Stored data
════════════════
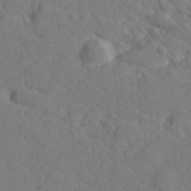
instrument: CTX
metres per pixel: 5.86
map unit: lHvf
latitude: 26.1767
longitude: 142.8030
════════════════
Without carrying over any pictures, retype the records above exactly.

instrument: CTX
metres per pixel: 5.86
map unit: lHvf
latitude: 26.1767
longitude: 142.8030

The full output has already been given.